After the wire bonding, the cavity was sealed with a metal cover. This was an expensive and time-consuming method of producing chips, so cheaper and more efficient packaging methods were designed. Most modern processors are built on a form of flip-chip pin grid array (FC-PGA) packaging.

This type still plugs into a PGA socket, but the package itself is dramatically simplified. With FC-PGA, the raw silicon die is mounted face down on the top of the chip substrate, and instead of wire bonding, the connections are made with tiny solder bumps around the perimeter of the die.

The edge is then sealed with a fillet of epoxy. With the original versions of FC-PGA, you could see the backside of the raw die sitting on the chip. Unfortunately, there were some problems with attaching the heatsink to an FC-PGA chip. The heatsink sat on the top of the die, which acted as a pedestal.

If you pressed down on one side of the heatsink excessively during the installation process (such as when you were attaching the clip), you risked cracking the silicon die and destroying the chip. This was especially a problem as heatsinks became larger and heavier and the force applied by the clip became greater.
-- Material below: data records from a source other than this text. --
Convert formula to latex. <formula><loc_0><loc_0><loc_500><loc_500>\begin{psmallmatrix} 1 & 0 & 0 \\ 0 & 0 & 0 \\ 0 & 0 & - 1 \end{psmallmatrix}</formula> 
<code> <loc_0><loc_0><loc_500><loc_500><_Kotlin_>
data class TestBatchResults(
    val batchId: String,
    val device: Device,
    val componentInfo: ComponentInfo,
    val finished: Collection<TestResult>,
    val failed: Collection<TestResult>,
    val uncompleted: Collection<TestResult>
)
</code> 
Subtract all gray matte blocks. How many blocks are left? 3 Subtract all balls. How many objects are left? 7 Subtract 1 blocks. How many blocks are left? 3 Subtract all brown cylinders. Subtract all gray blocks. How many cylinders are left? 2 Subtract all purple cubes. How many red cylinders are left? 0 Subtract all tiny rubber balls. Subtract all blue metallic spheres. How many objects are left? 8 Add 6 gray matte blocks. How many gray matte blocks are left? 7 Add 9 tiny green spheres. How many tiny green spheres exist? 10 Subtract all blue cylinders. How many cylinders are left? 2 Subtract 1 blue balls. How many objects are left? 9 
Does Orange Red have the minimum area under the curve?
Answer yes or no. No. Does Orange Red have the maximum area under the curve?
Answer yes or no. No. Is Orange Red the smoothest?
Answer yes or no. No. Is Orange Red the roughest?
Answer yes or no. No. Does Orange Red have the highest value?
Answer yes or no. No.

AMD decreased the risk of damage by adding rubber spacers to each corner of the chip substrate, thus preventing the heatsink from tilting excessively during installation. Still, these bumpers could compress, and it was all too easy to crack the die.

The Athlon XP currently uses FC-PGA with spacers at each corner of the substrate, and some aftermarket vendors sell specially designed shims that help provide additional protection. The Athlon 64 uses a different heatsink design, which attaches the heatsink to a clip.
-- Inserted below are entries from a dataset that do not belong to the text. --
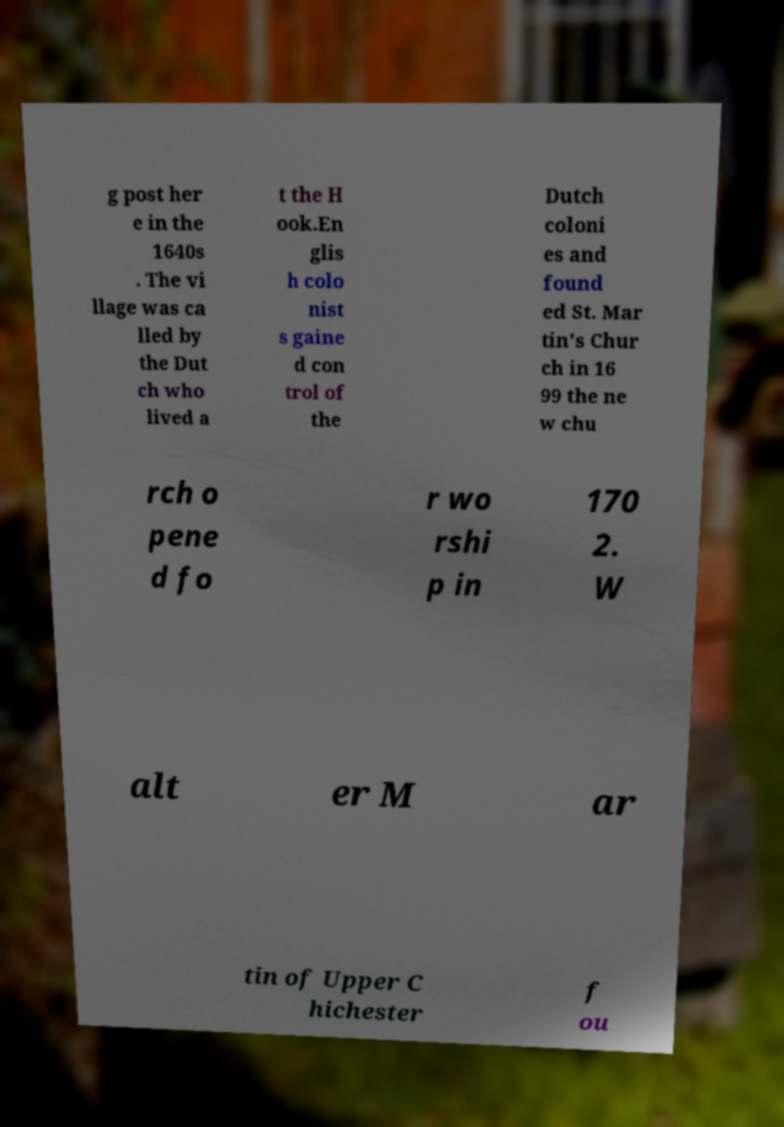Please identify and transcribe the text found in this image. g post her e in the 1640s . The vi llage was ca lled by the Dut ch who lived a t the H ook.En glis h colo nist s gaine d con trol of the Dutch coloni es and found ed St. Mar tin's Chur ch in 16 99 the ne w chu rch o pene d fo r wo rshi p in 170 2. W alt er M ar tin of Upper C hichester f ou 
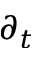<formula> <loc_0><loc_0><loc_500><loc_500>\partial _ { t }</formula> 
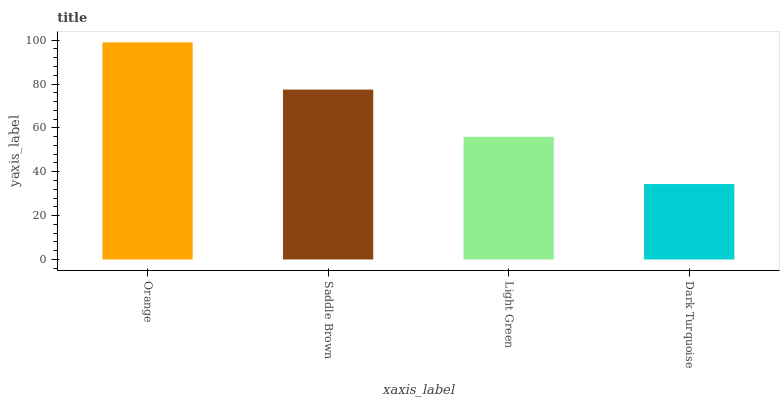Is Saddle Brown the minimum?
Answer yes or no. No. Is Saddle Brown the maximum?
Answer yes or no. No. Is Orange greater than Saddle Brown?
Answer yes or no. Yes. Is Saddle Brown less than Orange?
Answer yes or no. Yes. Is Saddle Brown greater than Orange?
Answer yes or no. No. Is Orange less than Saddle Brown?
Answer yes or no. No. Is Saddle Brown the high median?
Answer yes or no. Yes. Is Light Green the low median?
Answer yes or no. Yes. Is Light Green the high median?
Answer yes or no. No. Is Dark Turquoise the low median?
Answer yes or no. No.

The clip is then screwed to the motherboard, which helps prevent damage to the processor. Intel revised its packaging with a newer FC-PGA2 version used in the newer Pentium III and all Pentium 4 processors.

This incorporates an integrated protective metal cap called a heat spreader that sits on top of the die, enabling larger and heavier heatsinks to be installed without any potential damage to the processor core. Ironically, the first processor for PCs to use a heat spreader was made by AMD (the K6 family).

Future packaging directions are headed toward what is called BBUL (bumpless build-up layer) packaging. This will embed the die completely in the package; in fact, the package layers will be built up around and on top of the die, fully encapsulating it within the package.

This will embed the chip die and allow for a full flat surface for attaching the heatsink, as well as shorter internal interconnections within the package.